By supporting scientific research that thrives through innovation and is not afraid to challenge the modern school of thought we will continue to break down walls.

A 21st Century Philanthropic Model For Philanthropy

Quote:

Can you conceive of a world without age-related disease, disability and suffering? What about a world in which it’s possible for the average person to live 120 healthy years? While it may sound like a utopian dream, such a world is the exact goal of some of society’s most brilliant scientists and visionary leaders. At this very minute, groundbreaking work is underway at universities across the globe as researchers attempt to apply regenerative medicine to age-related disease through the repair of damage to tissue, cells and molecules within the body. While this research couldn’t be possible without the leadership of the world’s wealthiest philanthropists, it also relies upon the collective power of everyday people who have joined forces in their commitment to a better quality of life for all.Traditionally, big ticket donors have been the primary target for fundraising programs. Research has consistently shown that the bulk of donor funds come from a small percentage of the wealthiest donors: in fact, a full 75 percent of funds raised come from gifts of over $1 million.

Instead of resigning themselves solely to the influence of the individual, non-profits are turning to the collective power of a group. The MFoundation’s “The 300 Pledge” fundraising campaign is an exciting example of this method in practice. The 300 Pledge asks 300 funders to commit $1,000 a year for 25 years toward critical research aimed at ending age-related diseases. When broken down, this goal is manageable for many households: just $3 a day or $85 a month – less than your daily tab at Starbucks. Obviously, the model is working: to date, 291 people have taken up the challenge, with nine spots remaining.
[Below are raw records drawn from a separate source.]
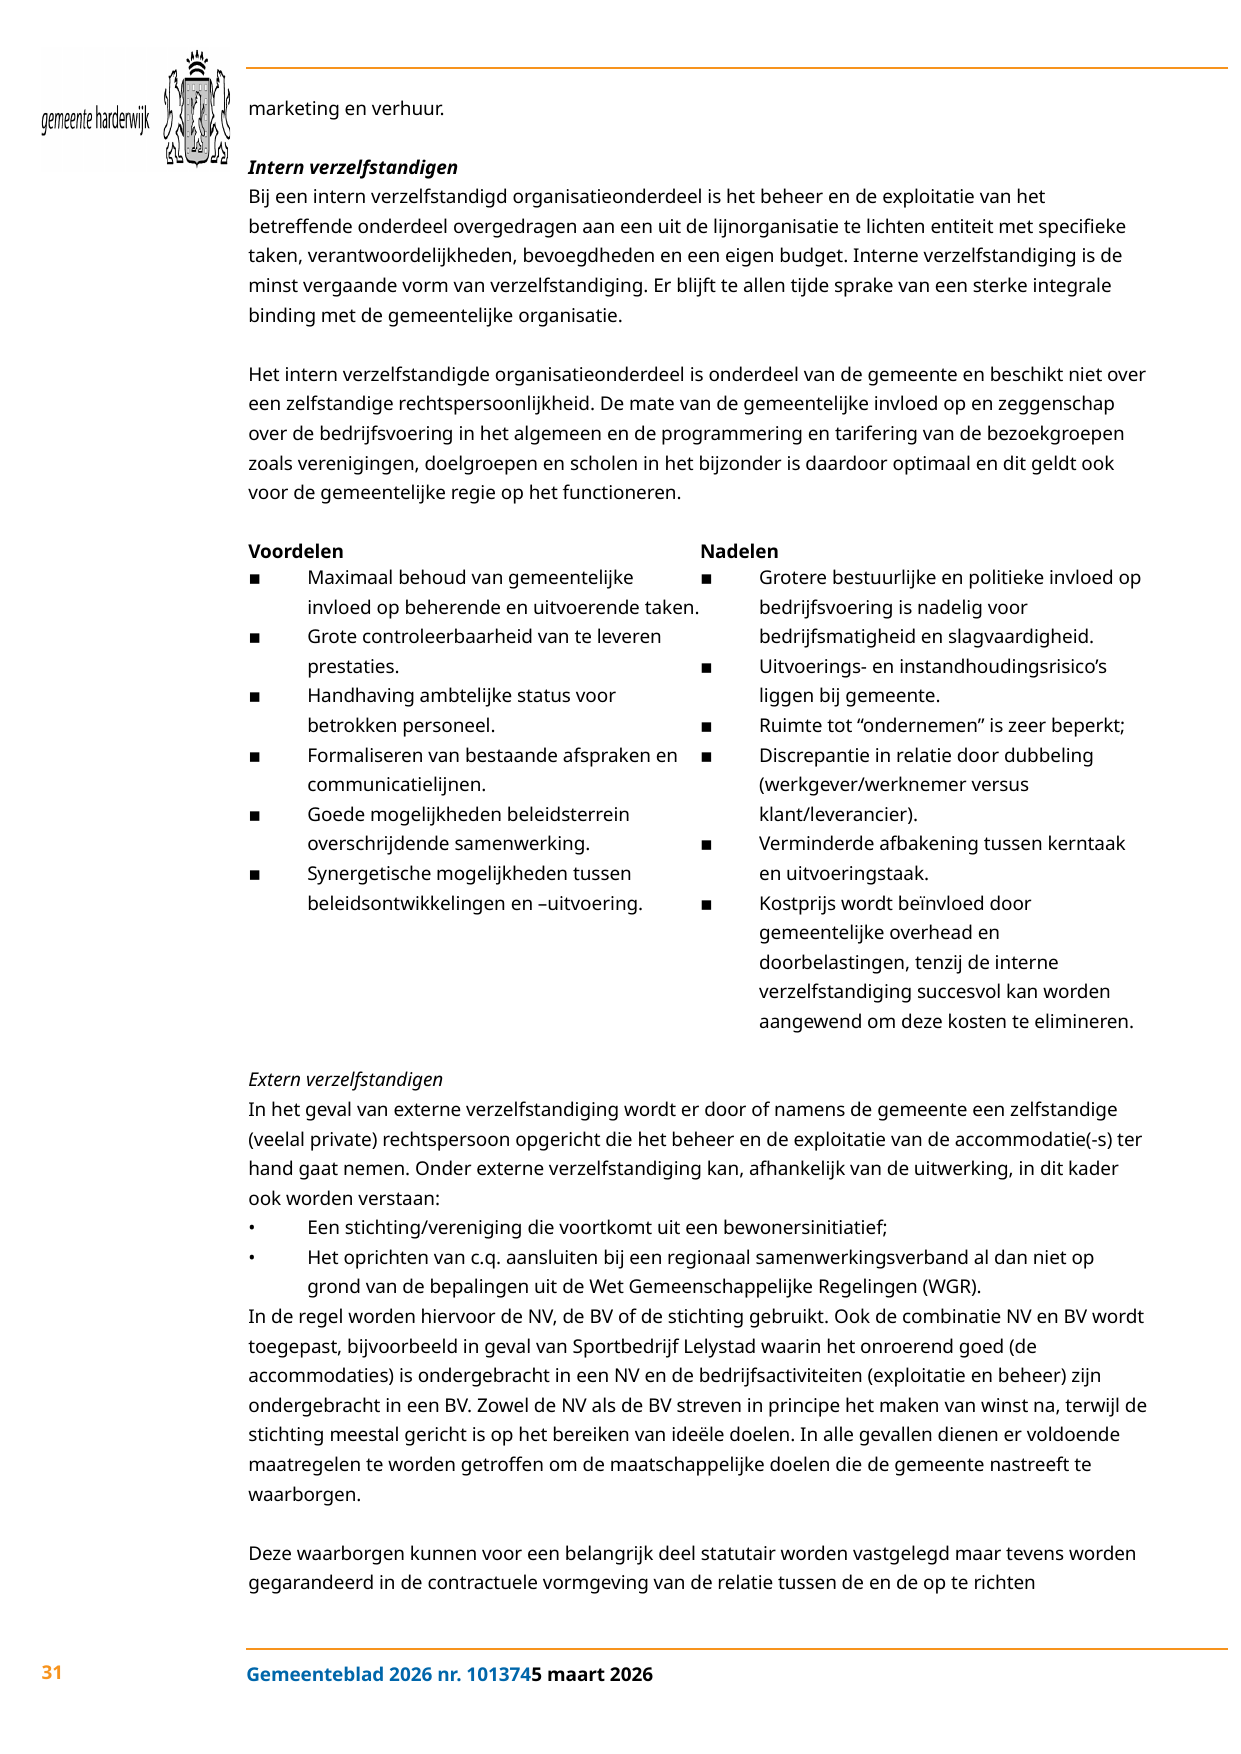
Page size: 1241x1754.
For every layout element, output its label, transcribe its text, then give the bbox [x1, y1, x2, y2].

table_header Voordelen [248, 539, 700, 564]
text Intern verzelfstandigen [248, 154, 1152, 180]
text Extern verzelfstandigen [248, 1067, 1152, 1092]
text Het intern verzelfstandigde organisatieonderdeel is onderdeel van de gemeente en beschikt niet over een zelfstandige rechtspersoonlijkheid. De mate van de gemeentelijke invloed op en zeggenschap over de bedrijfsvoering in het algemeen en de programmering en tarifering van de bezoekgroepen zoals verenigingen, doelgroepen en scholen in het bijzonder is daardoor optimaal en dit geldt ook voor de gemeentelijke regie op het functioneren. [248, 361, 1152, 505]
list Het oprichten van c.q. aansluiten bij een regionaal samenwerkingsverband al dan niet op grond van de bepalingen uit de Wet Gemeenschappelijke Regelingen (WGR). [248, 1244, 1152, 1299]
picture [41, 47, 231, 172]
text Deze waarborgen kunnen voor een belangrijk deel statutair worden vastgelegd maar tevens worden gegarandeerd in de contractuele vormgeving van de relatie tussen de en de op te richten [248, 1540, 1152, 1595]
text In het geval van externe verzelfstandiging wordt er door of namens de gemeente een zelfstandige (veelal private) rechtspersoon opgericht die het beheer en de exploitatie van de accommodatie(-s) ter hand gaat nemen. Onder externe verzelfstandiging kan, afhankelijk van de uitwerking, in dit kader ook worden verstaan: [248, 1096, 1152, 1211]
text Bij een intern verzelfstandigd organisatieonderdeel is het beheer en de exploitatie van het betreffende onderdeel overgedragen aan een uit de lijnorganisatie te lichten entiteit met specifieke taken, verantwoordelijkheden, bevoegdheden en een eigen budget. Interne verzelfstandiging is de minst vergaande vorm van verzelfstandiging. Er blijft te allen tijde sprake van een sterke integrale binding met de gemeentelijke organisatie. [248, 183, 1152, 328]
list Een stichting/vereniging die voortkomt uit een bewonersinitiatief; [248, 1214, 1152, 1240]
text marketing en verhuur. [248, 95, 1152, 121]
table_cell Maximaal behoud van gemeentelijke invloed op beherende en uitvoerende taken. Grote controleerbaarheid van te leveren prestaties. Handhaving ambtelijke status voor betrokken personeel. Formaliseren van bestaande afspraken en communicatielijnen. Goede mogelijkheden beleidsterrein overschrijdende samenwerking. Synergetische mogelijkheden tussen beleidsontwikkelingen en –uitvoering. [248, 564, 700, 1034]
table_header Nadelen [700, 539, 1152, 564]
text In de regel worden hiervoor de NV, de BV of de stichting gebruikt. Ook de combinatie NV en BV wordt toegepast, bijvoorbeeld in geval van Sportbedrijf Lelystad waarin het onroerend goed (de accommodaties) is ondergebracht in een NV en de bedrijfsactiviteiten (exploitatie en beheer) zijn ondergebracht in een BV. Zowel de NV als de BV streven in principe het maken van winst na, terwijl de stichting meestal gericht is op het bereiken van ideële doelen. In alle gevallen dienen er voldoende maatregelen te worden getroffen om de maatschappelijke doelen die de gemeente nastreeft te waarborgen. [248, 1303, 1152, 1507]
table_cell Grotere bestuurlijke en politieke invloed op bedrijfsvoering is nadelig voor bedrijfsmatigheid en slagvaardigheid. Uitvoerings- en instandhoudingsrisico’s liggen bij gemeente. Ruimte tot “ondernemen” is zeer beperkt; Discrepantie in relatie door dubbeling (werkgever/werknemer versus klant/leverancier). Verminderde afbakening tussen kerntaak en uitvoeringstaak. Kostprijs wordt beïnvloed door gemeentelijke overhead en doorbelastingen, tenzij de interne verzelfstandiging succesvol kan worden aangewend om deze kosten te elimineren. [700, 564, 1152, 1034]

As evidenced by the magnificent philanthropy of people like Peter Thiel, Bill Gates and others like them, it’s obvious that one person can make a difference. However, fundraising challenges, like MFoundation’s “The 300,” also demonstrate the power of a dedicated group of people to foster real world change for the billions of people living in the world today as well as the generations that follow. In doing so, those who take up the challenge create a unique and world-altering legacy for themselves.